* **WORK REQUEST**
Run through the records and, wherever a line holds the word "name", return that line.

»»

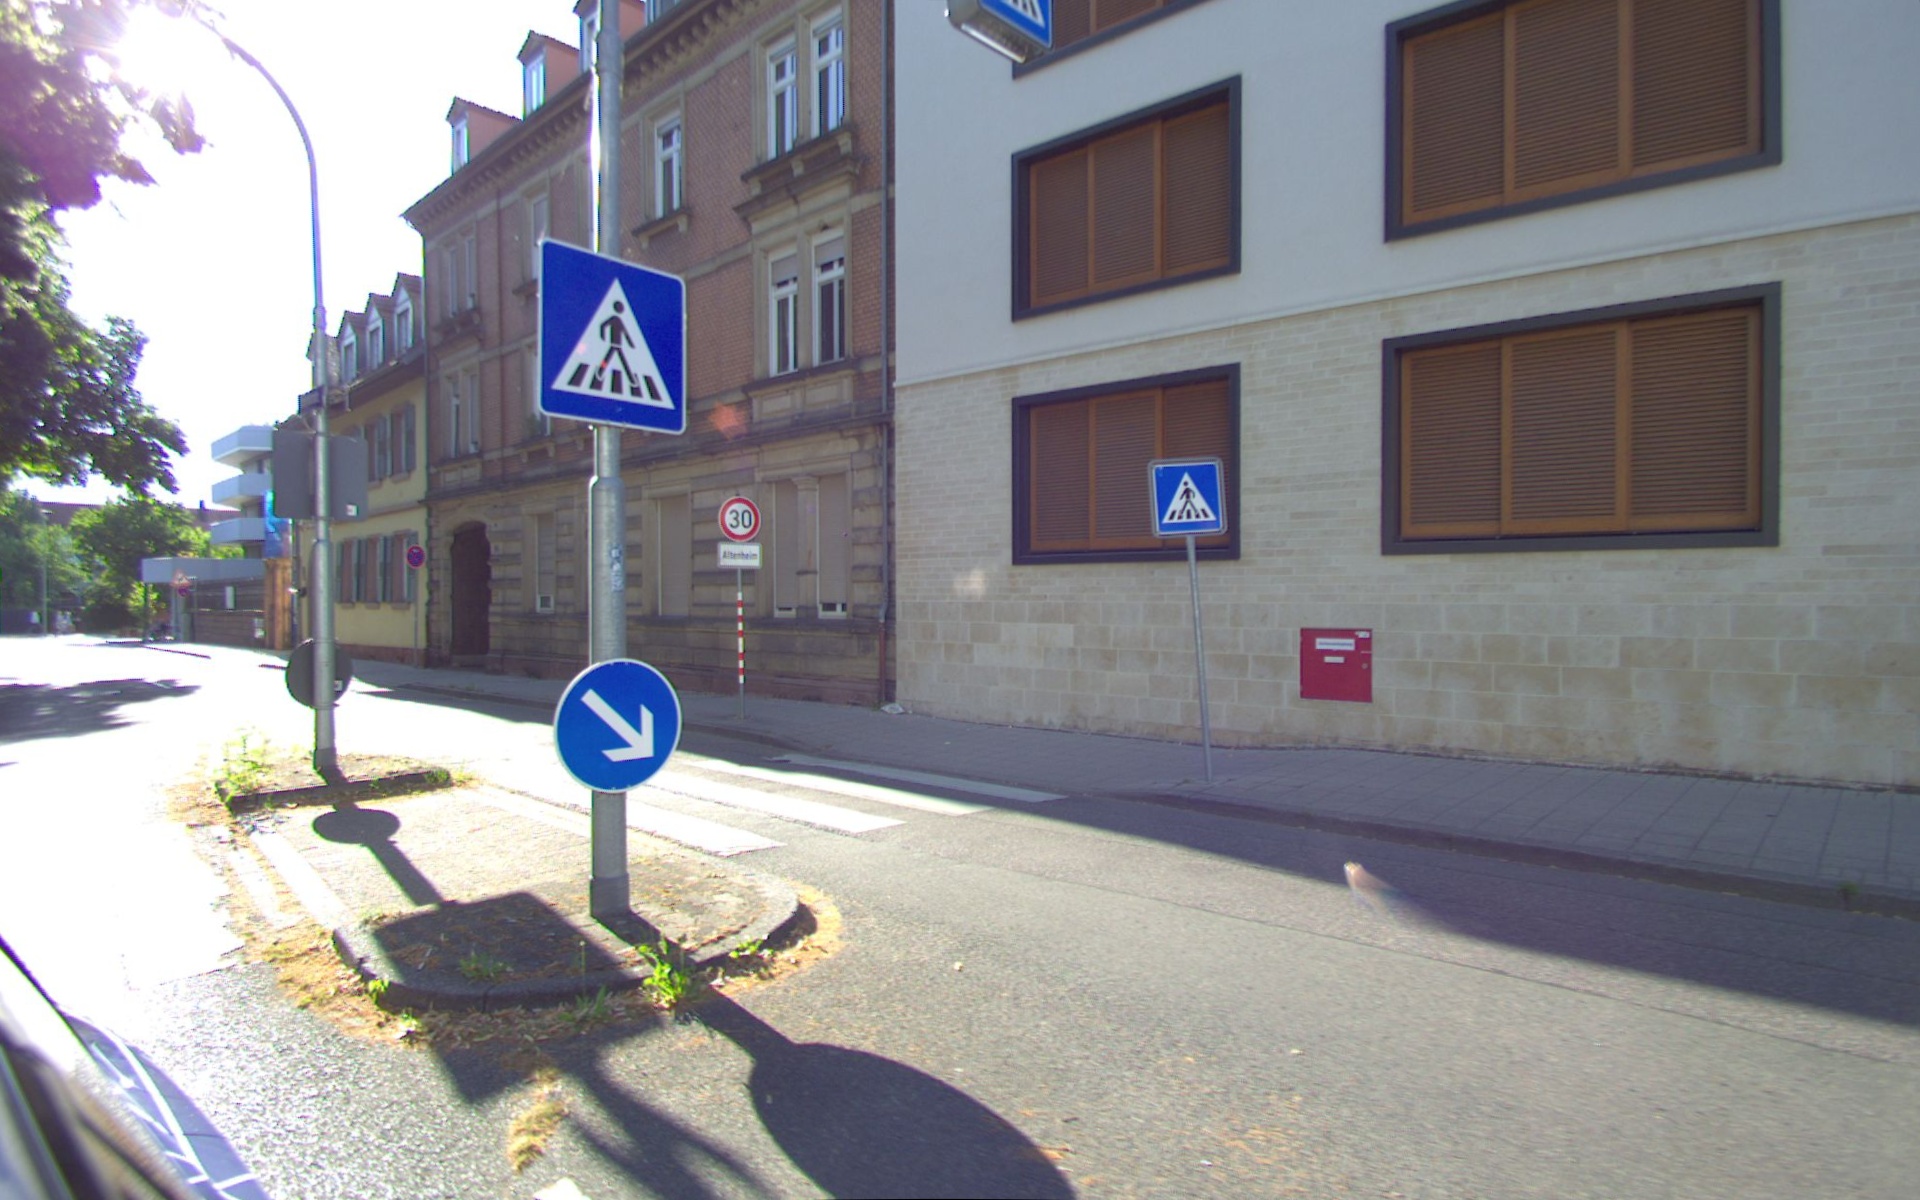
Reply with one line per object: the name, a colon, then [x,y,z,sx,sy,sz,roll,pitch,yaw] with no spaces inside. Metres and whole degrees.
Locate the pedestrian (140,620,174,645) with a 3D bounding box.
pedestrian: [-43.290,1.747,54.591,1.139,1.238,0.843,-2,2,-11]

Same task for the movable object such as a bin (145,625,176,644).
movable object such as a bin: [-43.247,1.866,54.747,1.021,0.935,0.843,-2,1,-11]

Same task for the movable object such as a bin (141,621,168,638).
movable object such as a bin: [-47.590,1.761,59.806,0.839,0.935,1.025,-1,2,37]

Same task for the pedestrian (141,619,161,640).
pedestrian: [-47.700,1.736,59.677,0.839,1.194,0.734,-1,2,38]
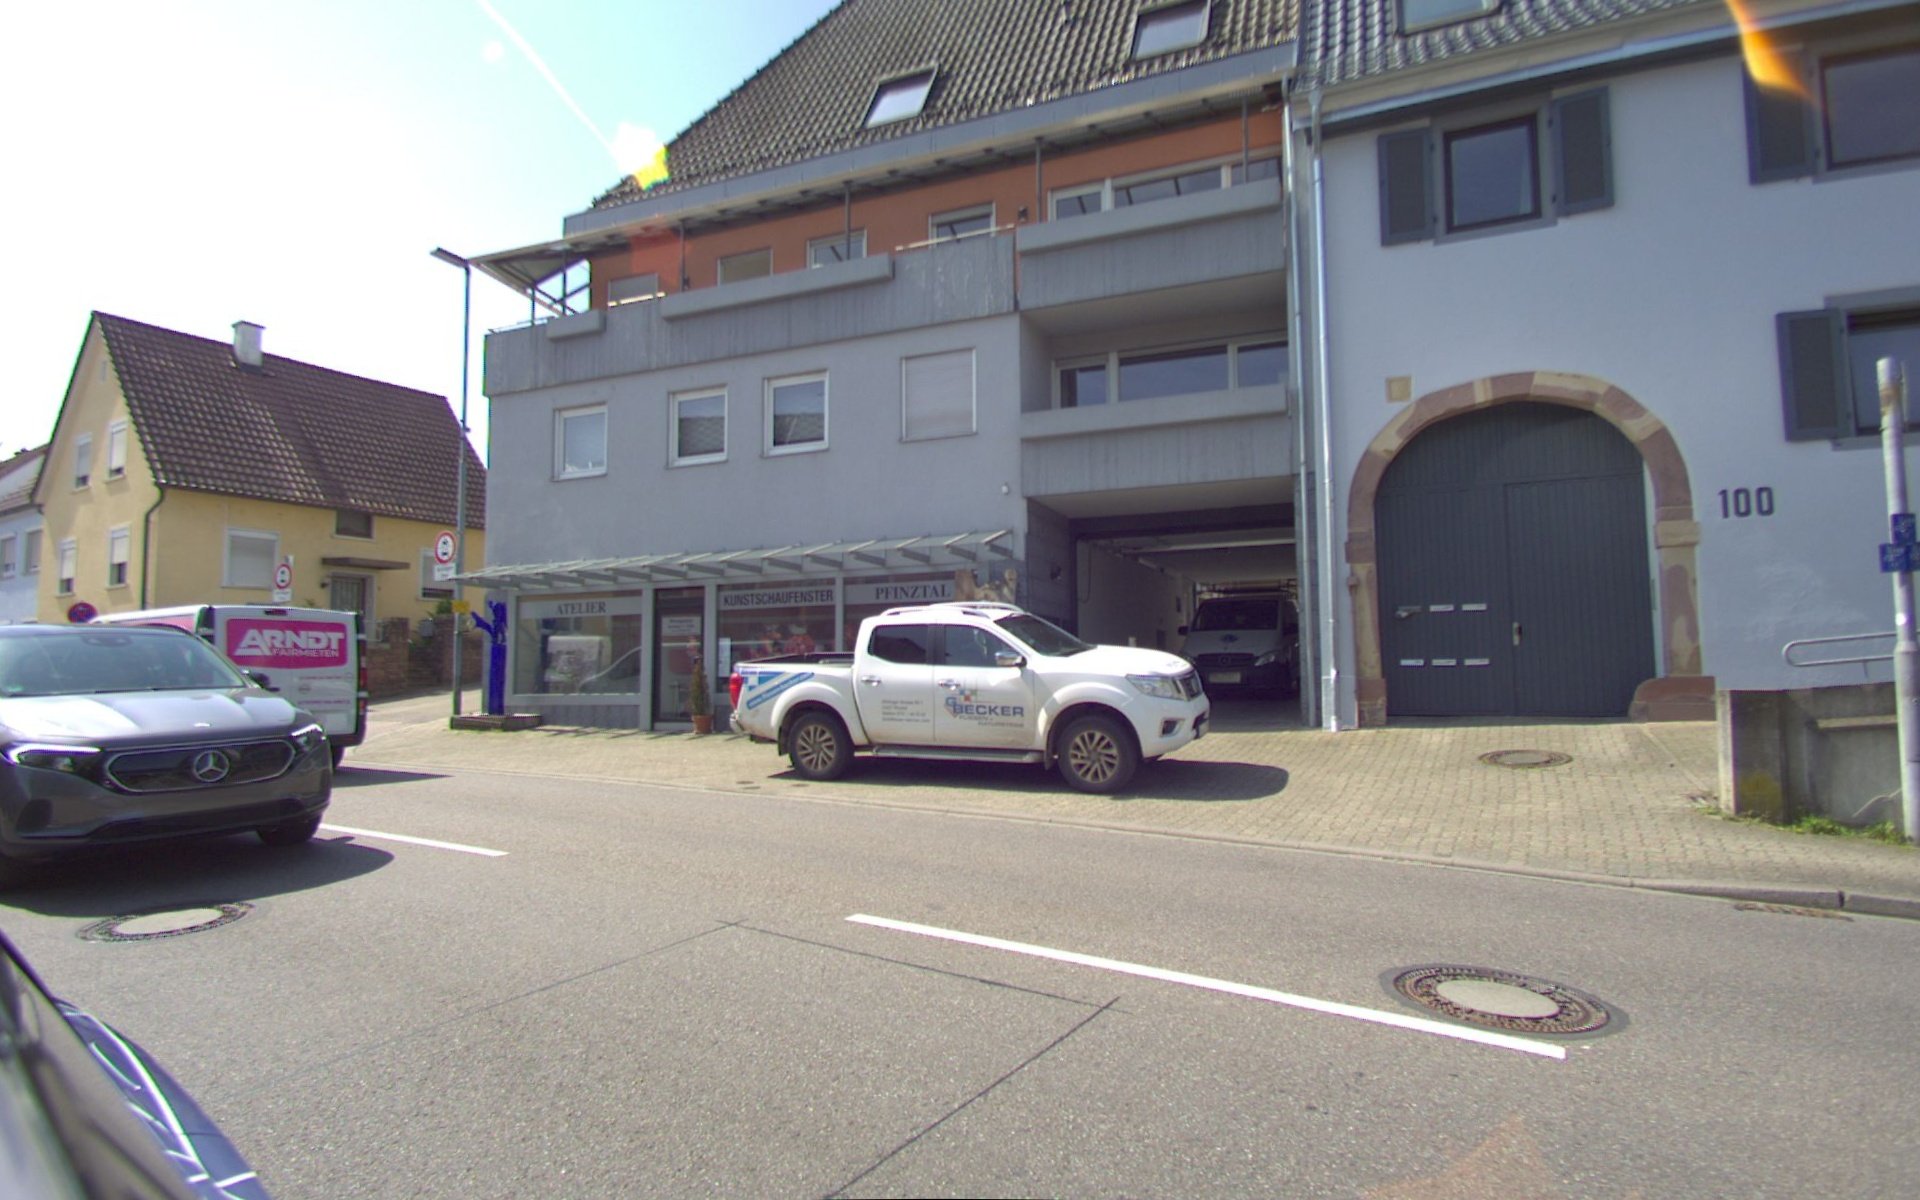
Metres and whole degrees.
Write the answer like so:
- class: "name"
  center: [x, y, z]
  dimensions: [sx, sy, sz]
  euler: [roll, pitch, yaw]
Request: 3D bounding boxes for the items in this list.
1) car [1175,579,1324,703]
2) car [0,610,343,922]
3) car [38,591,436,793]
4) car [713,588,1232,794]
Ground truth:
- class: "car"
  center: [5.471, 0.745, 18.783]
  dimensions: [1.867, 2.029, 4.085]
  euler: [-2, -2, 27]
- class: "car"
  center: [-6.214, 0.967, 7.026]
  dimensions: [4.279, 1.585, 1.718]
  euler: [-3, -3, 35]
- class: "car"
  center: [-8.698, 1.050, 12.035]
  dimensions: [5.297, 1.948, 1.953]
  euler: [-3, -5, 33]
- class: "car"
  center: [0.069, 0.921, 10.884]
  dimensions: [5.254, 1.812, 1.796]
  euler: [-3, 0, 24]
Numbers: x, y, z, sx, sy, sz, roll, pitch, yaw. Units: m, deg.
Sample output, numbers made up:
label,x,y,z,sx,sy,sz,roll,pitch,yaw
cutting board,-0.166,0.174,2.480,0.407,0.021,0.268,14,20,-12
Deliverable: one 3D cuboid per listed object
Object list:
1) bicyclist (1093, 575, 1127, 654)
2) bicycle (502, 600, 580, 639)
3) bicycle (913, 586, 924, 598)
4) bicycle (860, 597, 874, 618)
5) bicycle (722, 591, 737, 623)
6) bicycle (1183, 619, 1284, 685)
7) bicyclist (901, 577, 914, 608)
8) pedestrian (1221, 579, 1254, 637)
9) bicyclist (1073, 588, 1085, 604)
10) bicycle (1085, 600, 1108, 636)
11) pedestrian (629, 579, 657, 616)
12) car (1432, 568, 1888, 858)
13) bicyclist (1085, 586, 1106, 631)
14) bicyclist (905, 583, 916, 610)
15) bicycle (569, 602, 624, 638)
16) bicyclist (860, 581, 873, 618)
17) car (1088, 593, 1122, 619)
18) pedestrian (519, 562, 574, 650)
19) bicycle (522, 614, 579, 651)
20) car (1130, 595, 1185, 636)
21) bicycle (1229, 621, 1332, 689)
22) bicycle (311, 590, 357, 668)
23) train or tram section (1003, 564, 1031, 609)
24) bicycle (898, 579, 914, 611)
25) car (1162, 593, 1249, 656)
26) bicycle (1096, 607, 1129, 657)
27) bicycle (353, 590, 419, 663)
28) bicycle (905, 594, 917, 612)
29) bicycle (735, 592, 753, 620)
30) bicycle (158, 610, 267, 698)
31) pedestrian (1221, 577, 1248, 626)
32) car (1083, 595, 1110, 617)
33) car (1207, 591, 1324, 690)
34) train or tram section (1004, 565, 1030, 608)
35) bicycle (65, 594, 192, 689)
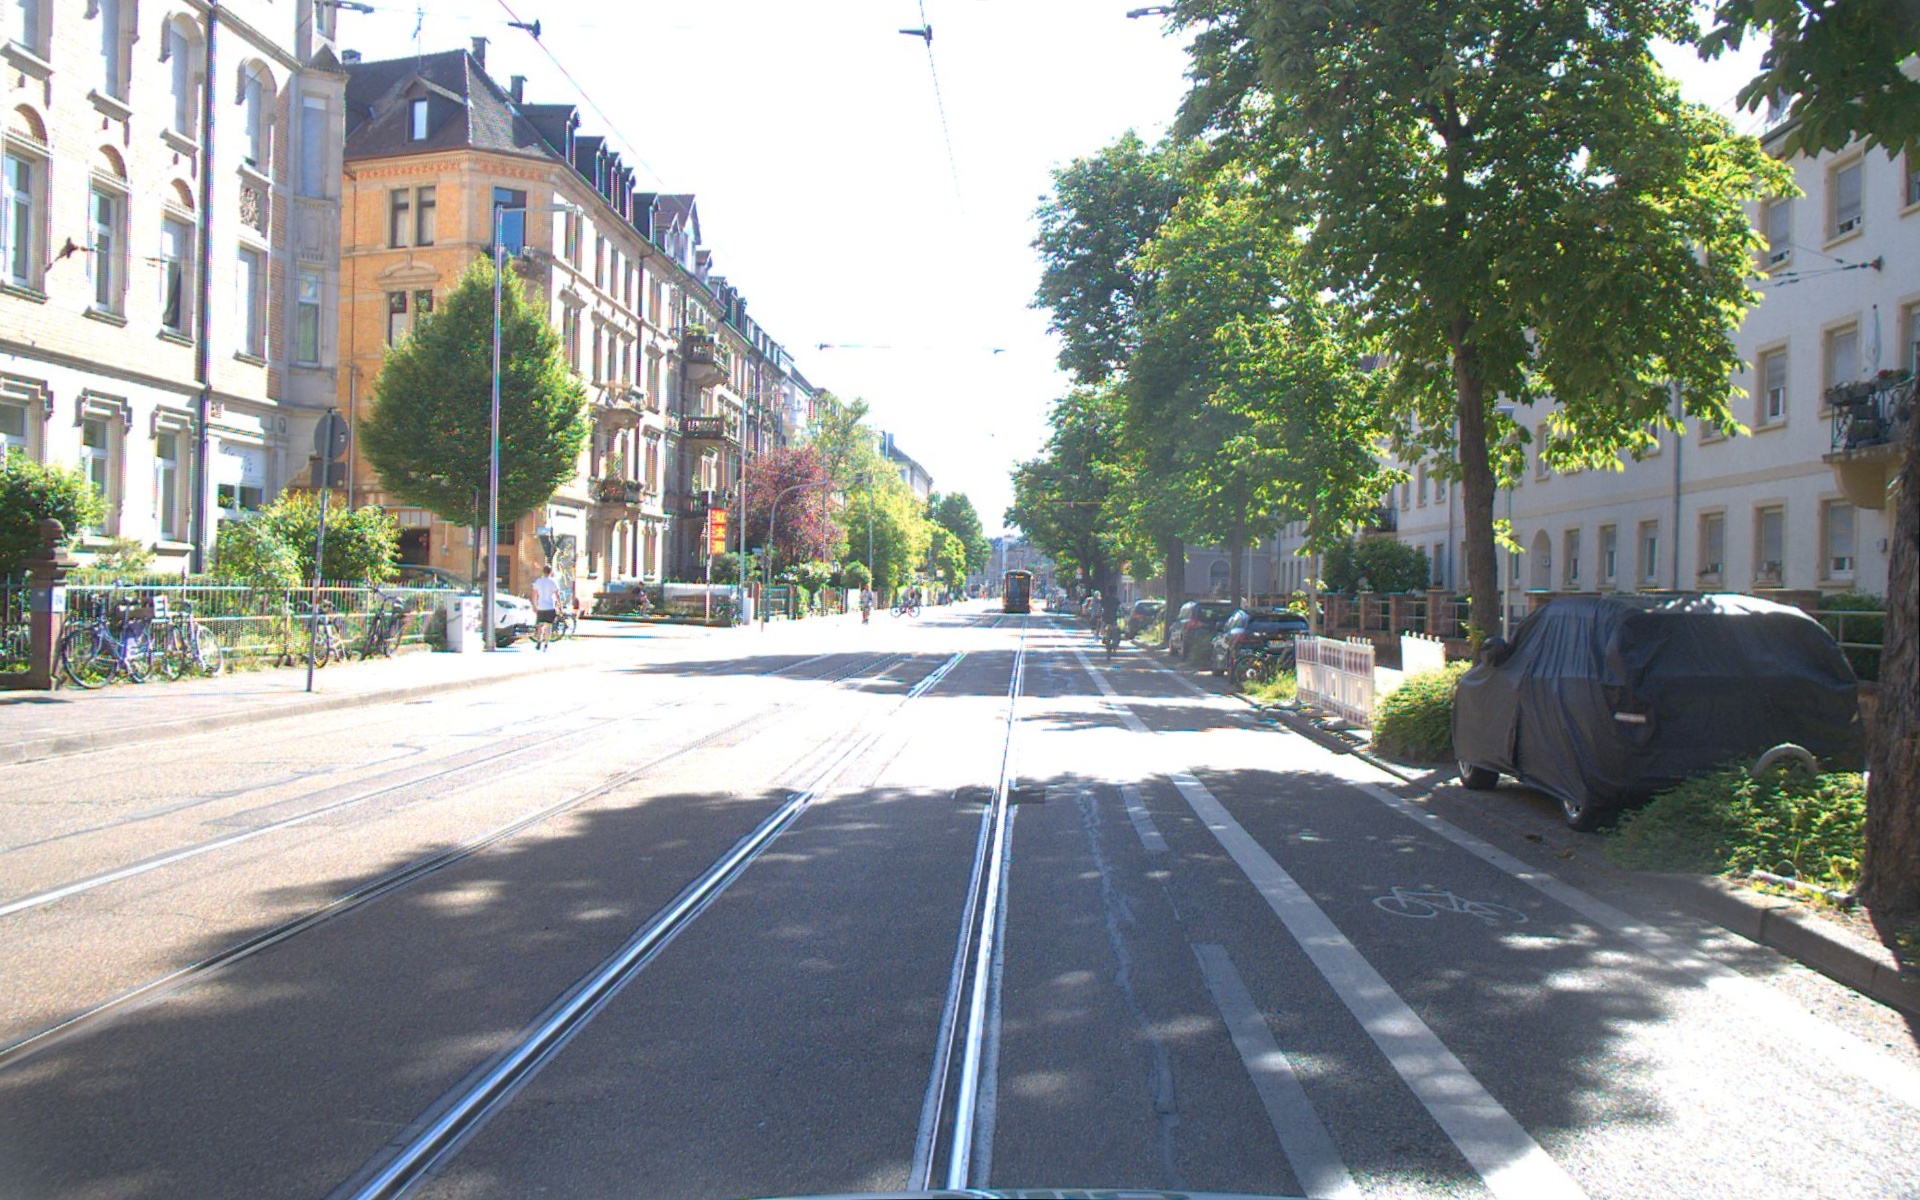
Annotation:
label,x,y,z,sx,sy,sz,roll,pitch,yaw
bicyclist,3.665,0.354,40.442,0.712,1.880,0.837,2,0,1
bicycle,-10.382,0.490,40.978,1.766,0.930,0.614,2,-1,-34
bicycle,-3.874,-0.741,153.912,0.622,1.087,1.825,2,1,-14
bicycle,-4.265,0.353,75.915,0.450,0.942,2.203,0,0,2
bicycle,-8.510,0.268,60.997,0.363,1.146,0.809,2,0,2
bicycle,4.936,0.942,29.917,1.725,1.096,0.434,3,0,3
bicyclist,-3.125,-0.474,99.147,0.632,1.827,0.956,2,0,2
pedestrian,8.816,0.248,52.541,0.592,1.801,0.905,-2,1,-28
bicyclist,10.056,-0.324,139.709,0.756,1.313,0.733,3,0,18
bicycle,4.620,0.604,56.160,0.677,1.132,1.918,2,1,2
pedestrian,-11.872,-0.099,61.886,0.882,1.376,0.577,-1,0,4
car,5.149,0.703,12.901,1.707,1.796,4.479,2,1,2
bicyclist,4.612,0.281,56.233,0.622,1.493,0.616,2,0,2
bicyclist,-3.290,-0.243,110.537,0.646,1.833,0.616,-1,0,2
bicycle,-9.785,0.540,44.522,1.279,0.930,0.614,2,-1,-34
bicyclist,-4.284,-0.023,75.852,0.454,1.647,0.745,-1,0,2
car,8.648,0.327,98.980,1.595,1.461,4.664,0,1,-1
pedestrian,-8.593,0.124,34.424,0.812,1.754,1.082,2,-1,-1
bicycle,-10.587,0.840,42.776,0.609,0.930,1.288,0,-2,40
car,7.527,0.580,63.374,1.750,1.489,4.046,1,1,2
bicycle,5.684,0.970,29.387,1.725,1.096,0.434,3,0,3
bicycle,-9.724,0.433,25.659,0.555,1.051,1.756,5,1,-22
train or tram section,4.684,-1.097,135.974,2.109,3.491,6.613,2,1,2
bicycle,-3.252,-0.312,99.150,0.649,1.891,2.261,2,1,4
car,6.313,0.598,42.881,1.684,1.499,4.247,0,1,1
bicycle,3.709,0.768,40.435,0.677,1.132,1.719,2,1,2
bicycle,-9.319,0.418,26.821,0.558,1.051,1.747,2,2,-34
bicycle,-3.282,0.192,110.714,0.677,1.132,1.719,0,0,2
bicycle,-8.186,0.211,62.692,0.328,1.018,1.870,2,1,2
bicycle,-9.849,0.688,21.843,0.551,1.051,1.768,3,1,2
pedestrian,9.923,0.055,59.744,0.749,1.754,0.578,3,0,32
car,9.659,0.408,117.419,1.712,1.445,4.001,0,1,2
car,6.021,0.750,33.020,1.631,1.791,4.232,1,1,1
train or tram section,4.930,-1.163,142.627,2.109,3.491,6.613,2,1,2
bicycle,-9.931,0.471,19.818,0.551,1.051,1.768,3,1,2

««

* **EXPECTED ANSWER**
Reply with one line per object: the name, a colon, then [x,y,z,sx,sy,sz,roll,pitch,yaw] with no spaces inside. Metres and whole degrees.
- class: "name"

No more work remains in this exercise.